[Dataset items]

+-------+

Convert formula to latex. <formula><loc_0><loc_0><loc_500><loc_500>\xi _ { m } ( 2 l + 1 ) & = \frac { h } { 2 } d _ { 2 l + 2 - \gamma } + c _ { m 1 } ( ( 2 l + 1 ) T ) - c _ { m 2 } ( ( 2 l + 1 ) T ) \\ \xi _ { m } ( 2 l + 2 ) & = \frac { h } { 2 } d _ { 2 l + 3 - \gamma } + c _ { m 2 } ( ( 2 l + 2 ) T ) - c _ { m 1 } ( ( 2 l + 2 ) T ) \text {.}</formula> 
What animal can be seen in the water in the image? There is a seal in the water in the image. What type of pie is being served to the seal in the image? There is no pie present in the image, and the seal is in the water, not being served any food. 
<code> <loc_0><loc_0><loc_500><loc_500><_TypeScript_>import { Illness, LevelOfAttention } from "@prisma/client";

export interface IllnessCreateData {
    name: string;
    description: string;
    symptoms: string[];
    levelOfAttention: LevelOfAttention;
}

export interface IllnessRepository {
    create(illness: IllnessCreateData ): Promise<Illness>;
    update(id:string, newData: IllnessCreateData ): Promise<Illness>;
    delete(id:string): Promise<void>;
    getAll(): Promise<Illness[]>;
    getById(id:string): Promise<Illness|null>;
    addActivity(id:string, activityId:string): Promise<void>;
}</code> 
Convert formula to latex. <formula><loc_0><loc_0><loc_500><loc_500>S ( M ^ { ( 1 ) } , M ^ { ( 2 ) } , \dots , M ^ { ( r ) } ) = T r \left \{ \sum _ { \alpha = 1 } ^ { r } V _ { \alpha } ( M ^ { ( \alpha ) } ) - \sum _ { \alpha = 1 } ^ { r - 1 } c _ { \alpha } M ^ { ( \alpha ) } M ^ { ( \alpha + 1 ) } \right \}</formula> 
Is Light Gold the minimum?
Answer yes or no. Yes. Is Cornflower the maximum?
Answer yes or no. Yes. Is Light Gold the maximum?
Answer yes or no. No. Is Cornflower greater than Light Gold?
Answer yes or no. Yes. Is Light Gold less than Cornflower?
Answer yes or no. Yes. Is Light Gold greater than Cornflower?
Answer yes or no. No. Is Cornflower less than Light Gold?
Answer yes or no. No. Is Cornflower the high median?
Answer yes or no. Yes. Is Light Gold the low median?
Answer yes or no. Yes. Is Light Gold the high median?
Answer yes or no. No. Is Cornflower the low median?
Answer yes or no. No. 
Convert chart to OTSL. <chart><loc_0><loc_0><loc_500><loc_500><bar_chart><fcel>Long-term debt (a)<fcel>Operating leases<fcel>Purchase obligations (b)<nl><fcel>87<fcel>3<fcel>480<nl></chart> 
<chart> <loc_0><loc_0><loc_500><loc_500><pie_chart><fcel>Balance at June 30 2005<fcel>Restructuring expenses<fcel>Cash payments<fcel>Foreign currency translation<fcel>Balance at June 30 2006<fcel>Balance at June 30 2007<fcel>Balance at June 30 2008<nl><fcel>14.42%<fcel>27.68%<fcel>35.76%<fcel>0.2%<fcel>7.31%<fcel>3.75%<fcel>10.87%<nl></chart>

+-------+

Show the lines of the records that contain the word "string".

    name: string;
    description: string;
    symptoms: string[];
    update(id:string, newData: IllnessCreateData ): Promise<Illness>;
    delete(id:string): Promise<void>;
    getById(id:string): Promise<Illness|null>;
    addActivity(id:string, activityId:string): Promise<void>;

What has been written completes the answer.